[Tickets #14618] Attachments with special file names (RFC 2231)

noreply at bugs.horde.org noreply at bugs.horde.org
Tue Apr 18 11:03:58 UTC 2017


BITTE NICHT AUF DIESE NACHRICHT ANTWORTEN. NACHRICHTEN AN DIESE  
E-MAIL-ADRESSE WERDEN NICHT GELESEN.

Ticket-URL: https://bugs.horde.org/ticket/14618
------------------------------------------------------------------------------
  Ticket           | 14618
  Erstellt Von     | wahnes at uni-koeln.de
  Zusammenfassung  | Attachments with special file names (RFC 2231)
  Warteschlange    | IMP
  Version          | 6.2.18
  Typ              | Bug
  Status           | Unconfirmed
  Priorität        | 2. Medium
  Milestone        |
  Patch            |
  Zuständige       |
------------------------------------------------------------------------------


wahnes at uni-koeln.de (2017-04-18 11:03) hat geschrieben:

In some cases, the RFC 2231 encoding of the file name for attached  
files is wrong, causing trouble on the receiving side of email with  
such attachments. This seems to be happening when the *content* of an  
attachment is pure ASCII but the *filename* contains non-ASCII  
characters.

Example:
Given a file by the name of "File with a long name coñtaïning strånge  
characters but pure ASCII content.txt" that does, as the name implies,  
contain only ASCII characters and thus will have a MIME encoding of  
"Content-Type: text/plain". When attaching this file, the file name  
will be encoded like this:

name*0*=us-ascii''File%20with%20a%20long%20name%20co%F1ta%EFning%20str%E5ng;
name*1*=e%20characters%20but%20pure%20ASCII%20content.txt

Note that the charset used for the encoding of the filename (given  
before the first single-quote character in the "name*0*" line) is  
"us-ascii" in this case.
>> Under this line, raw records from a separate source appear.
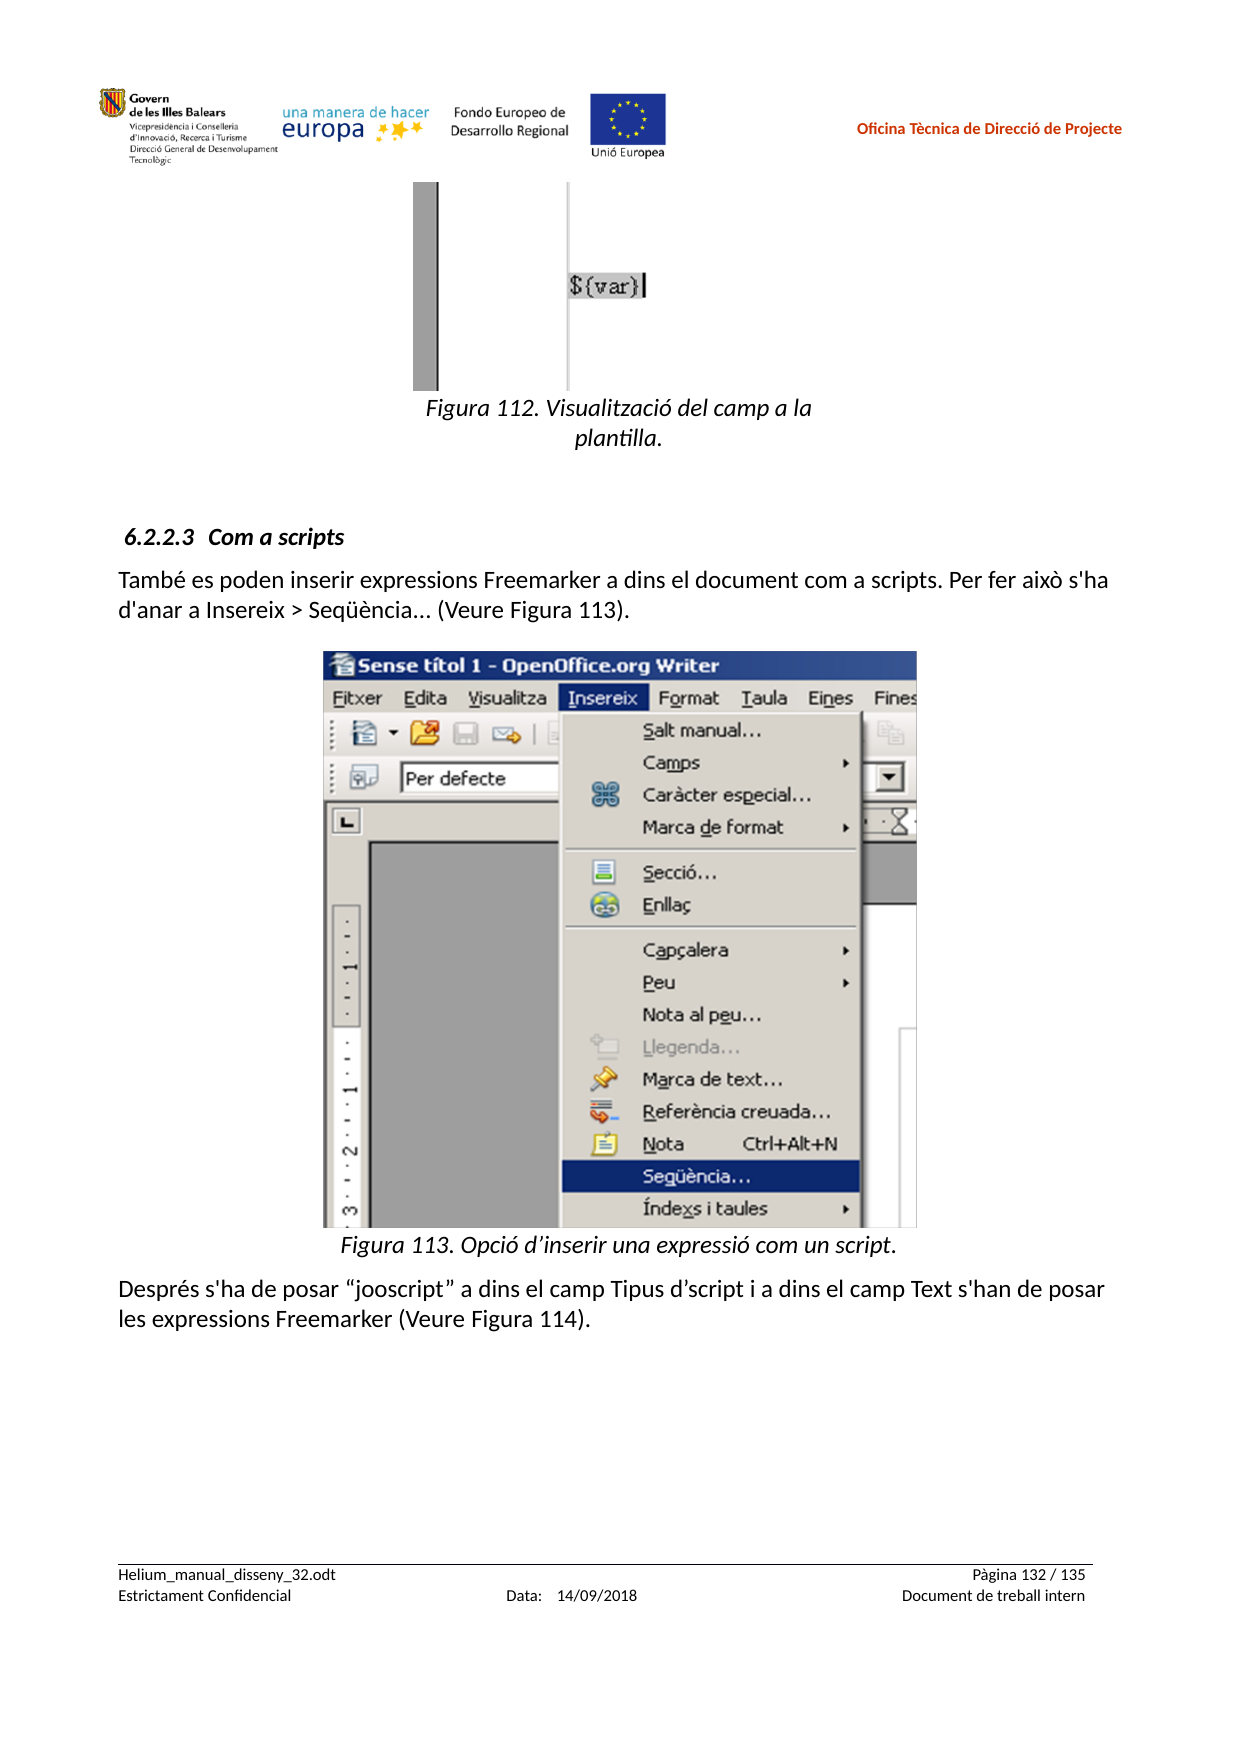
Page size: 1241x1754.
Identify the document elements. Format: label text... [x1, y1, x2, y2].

picture [321, 649, 919, 1230]
text Figura 112. Visualització del camp a la plantilla. [380, 392, 860, 453]
text També es poden inserir expressions Freemarker a dins el document com a scripts. Per fer això s'ha d'anar a Insereix > Seqüència... (Veure Figura 113). [118, 564, 1122, 625]
picture [99, 87, 668, 166]
picture [411, 180, 829, 392]
text Després s'ha de posar “jooscript” a dins el camp Tipus d’script i a dins el camp Text s'han de posar les expressions Freemarker (Veure Figura 114). [118, 637, 1122, 1334]
subtitle Com a scripts [118, 521, 1122, 551]
text Figura 113. Opció d’inserir una expressió com un script. [281, 1230, 959, 1260]
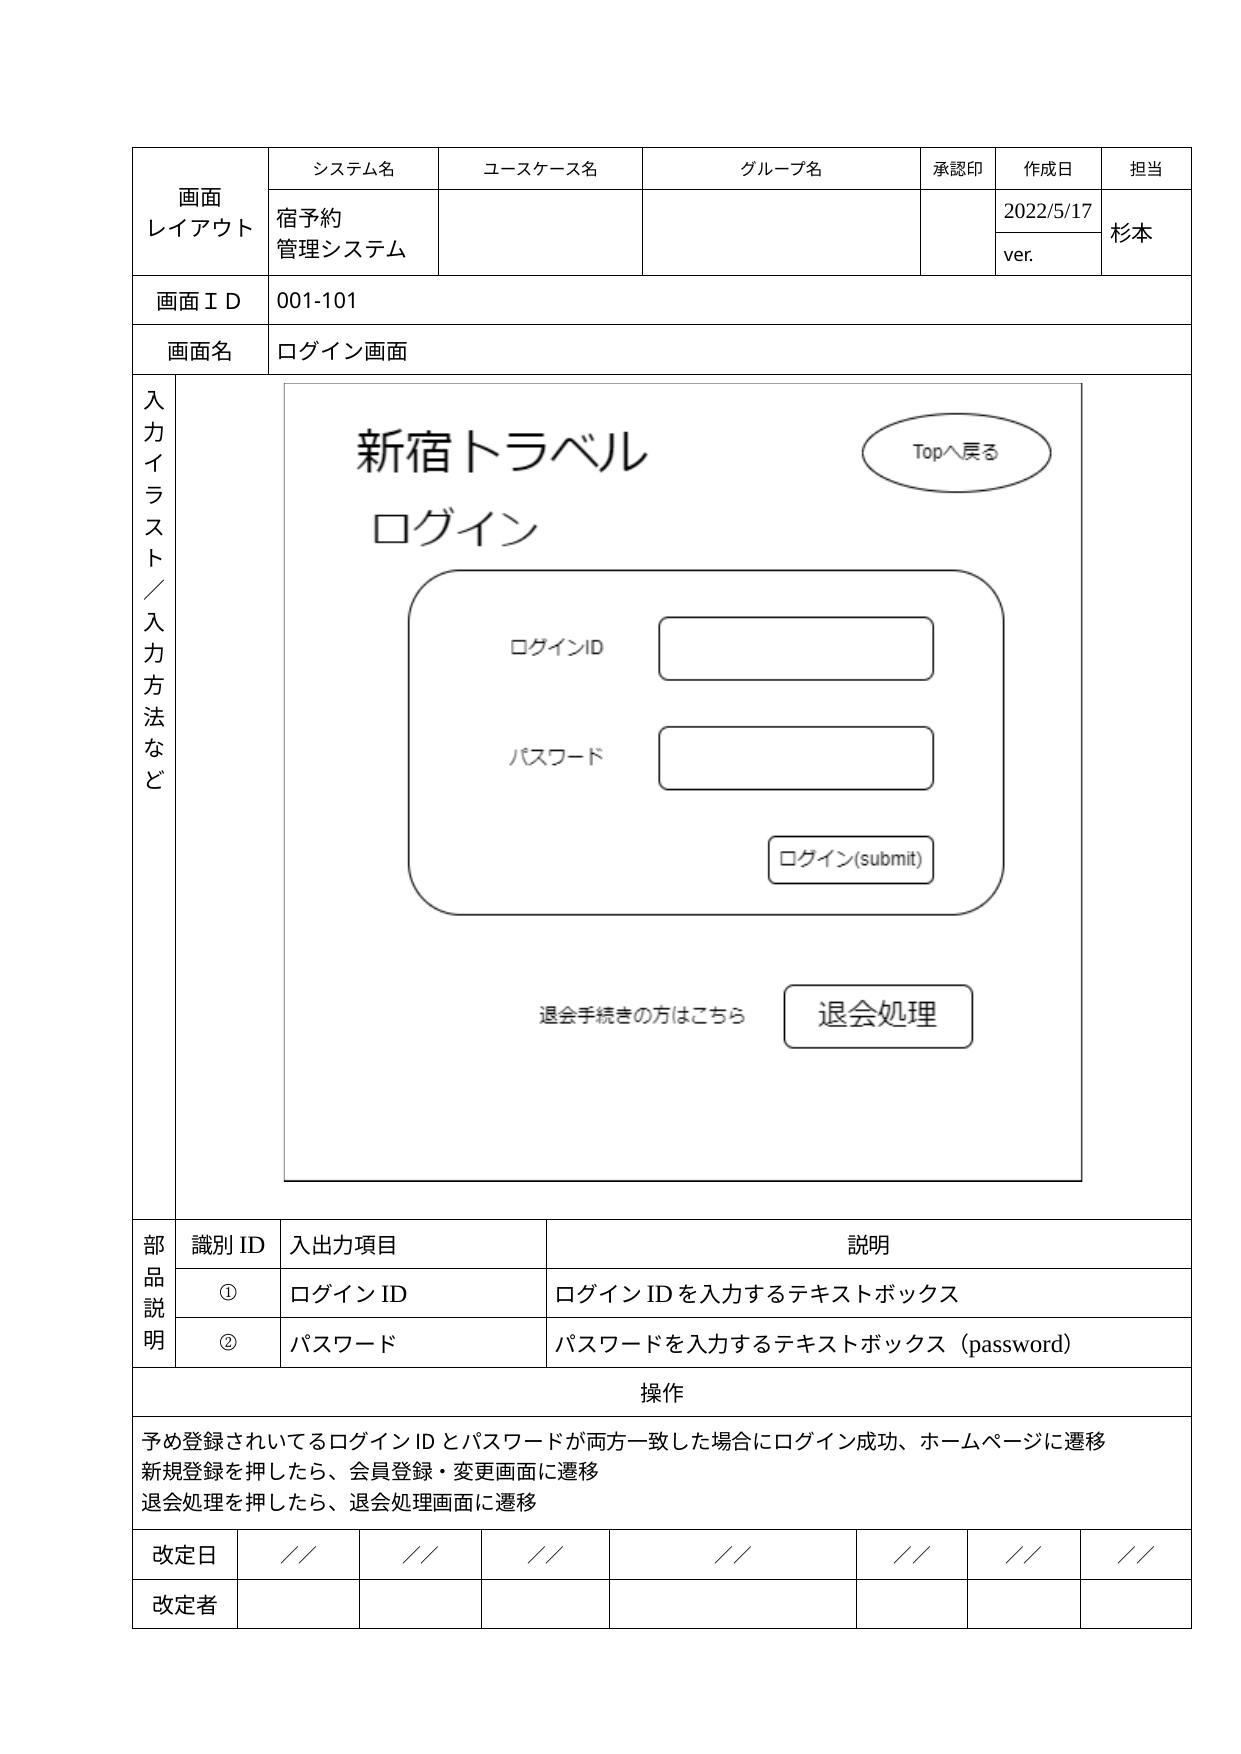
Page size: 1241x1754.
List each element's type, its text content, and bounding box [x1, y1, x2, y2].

table_cell 画面名 [133, 325, 268, 374]
table_header 作成日 [996, 148, 1101, 189]
table_cell パスワードを入力するテキストボックス（password） [547, 1318, 1191, 1367]
table_cell 操作 [133, 1368, 1191, 1416]
table_cell ログインIDを入力するテキストボックス [547, 1269, 1191, 1317]
table_cell 部品説明 [133, 1220, 175, 1367]
table_cell 予め登録されいてるログインIDとパスワードが両方一致した場合にログイン成功、ホームページに遷移 新規登録を押したら、会員登録・変更画面に遷移 退会処理を押したら、退会処理画面に遷移 [133, 1417, 1191, 1529]
table_cell ／／ [360, 1530, 481, 1578]
table_cell [610, 1580, 856, 1628]
table_cell [439, 190, 642, 275]
table_cell [643, 190, 920, 275]
table_cell 2022/5/17 [996, 190, 1101, 232]
table_cell ログイン画面 [269, 325, 1191, 374]
table_cell ／／ [968, 1530, 1080, 1578]
table_cell パスワード [281, 1318, 546, 1367]
table_cell ／／ [857, 1530, 967, 1578]
table_cell ／／ [238, 1530, 359, 1578]
table_cell 画面ＩＤ [133, 276, 268, 324]
table_cell [1081, 1580, 1191, 1628]
table_cell 宿予約 管理システム [269, 190, 438, 275]
table_cell ／／ [610, 1530, 856, 1578]
table_cell [360, 1580, 481, 1628]
table_cell [482, 1580, 609, 1628]
table_cell 001-101 [269, 276, 1191, 324]
table_cell 入出力項目 [281, 1220, 546, 1268]
table_header 担当 [1102, 148, 1191, 189]
table_cell 説明 [547, 1220, 1191, 1268]
table_cell 改定日 [133, 1530, 237, 1578]
table_header 承認印 [921, 148, 995, 189]
table_cell [968, 1580, 1080, 1628]
table_cell [238, 1580, 359, 1628]
table_cell 改定者 [133, 1580, 237, 1628]
table_cell [921, 190, 995, 275]
picture [283, 383, 1083, 1182]
table_cell 杉本 [1102, 190, 1191, 275]
table_cell [857, 1580, 967, 1628]
table_cell ／／ [1081, 1530, 1191, 1578]
table_cell 入力イラスト／入力方法など [133, 375, 175, 1218]
table_cell ver. [996, 233, 1101, 275]
table_cell ① [176, 1269, 280, 1317]
table_cell ログインID [281, 1269, 546, 1317]
table_cell 識別ID [176, 1220, 280, 1268]
table_cell [176, 375, 1191, 1218]
table_header 画面 レイアウト [133, 148, 268, 275]
table_header ユースケース名 [439, 148, 642, 189]
table_header グループ名 [643, 148, 920, 189]
table_cell ② [176, 1318, 280, 1367]
table_cell ／／ [482, 1530, 609, 1578]
table_header システム名 [269, 148, 438, 189]
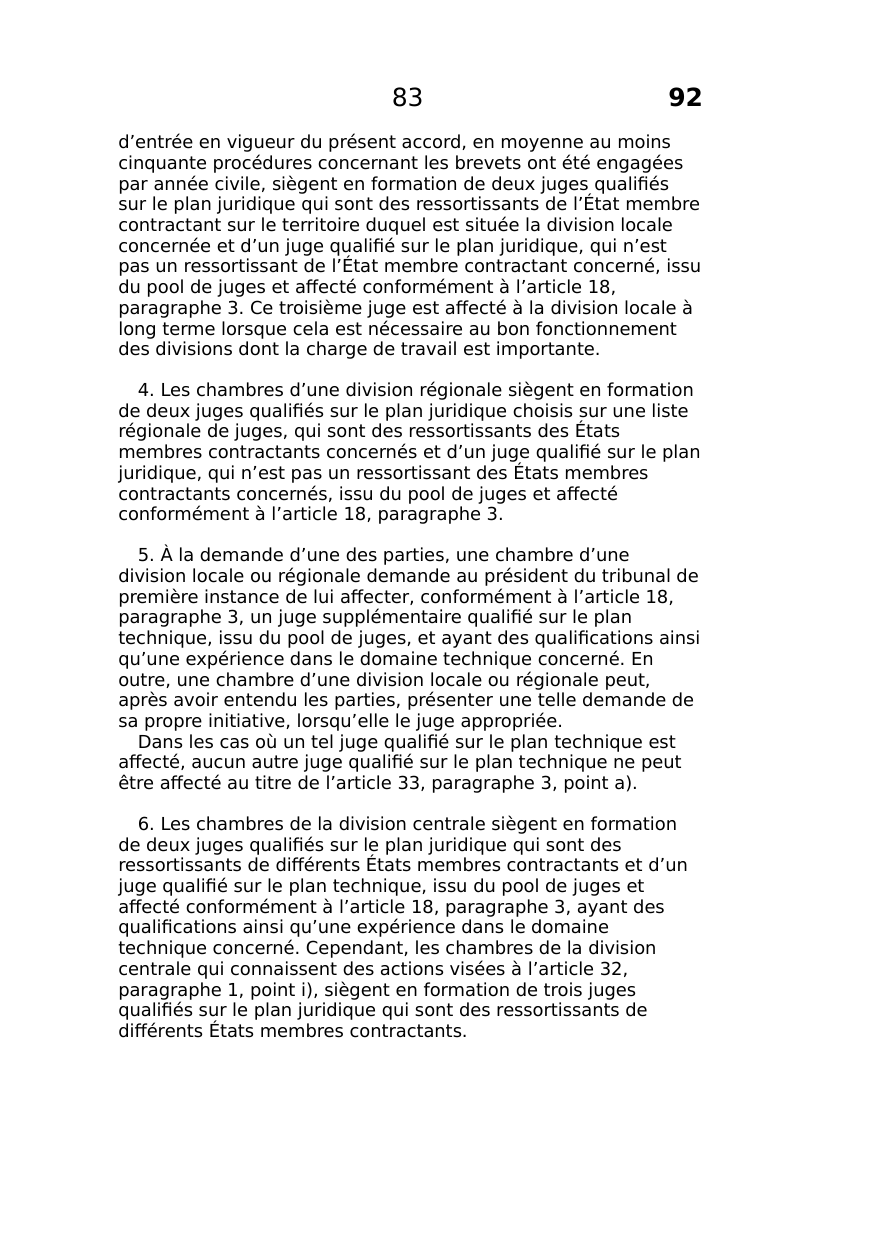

Cleary, this cannot be the case as ASCII does  
not contain the character "ñ". In fact, ASCII does not contain any  
character with hex code above 0x7F, so an encoding that uses a hex  
code "F1" with "us-ascii" must be wrong. The actual charset would be  
ISO-8859-1 or similar, as it contains the "n" with tilde at position  
0xF1 (241 decimal).

This error does not happen, however, when the attachment's *content*  
has non-ASCII characters in it. When attaching a file that has got  
both non-ASCII content and a non-ASCII name, the encoding generated by  
Horde is fine. For example, a file by the name of "Example file with  
name coñtaïning strånge characters which has non-ASCII content  
too.txt" that does in fact contain non-ASCII content (e.g. the string  
"Hallo Bärbel") is encoded correctly. In this case, the encoding  
generated would be

name*0*=utf-8''Example%20file%20with%20name%20co%C3%B1ta%C3%AFning%20str;
name*1*=%C3%A5nge%20characters%20which%20has%20non-ASCII%20content%20too.tx;
name*2*=t

which is perfectly right. For instance, the "ñ" is encoded here as two  
characters in UTF-8, 0xC3 and 0xB1, which is correct.

The root cause of the problem seems to be that Horde uses the charset  
of the attachment's *content* to encode the attachment's filename.  
This is wrong because the filename can use a different encoding than  
the content. This issue manifests itself as well when there is an  
attachment that contains non-ASCII characters but the filename uses  
pure ASCII: the filename will be encoded as "UTF-8". This does not  
cause real problems because any ASCII text is also valid UTF-8 text,  
but it adds to my assumption that Horde wrongfully uses the content's  
charset in the place where the filename's charset should be used.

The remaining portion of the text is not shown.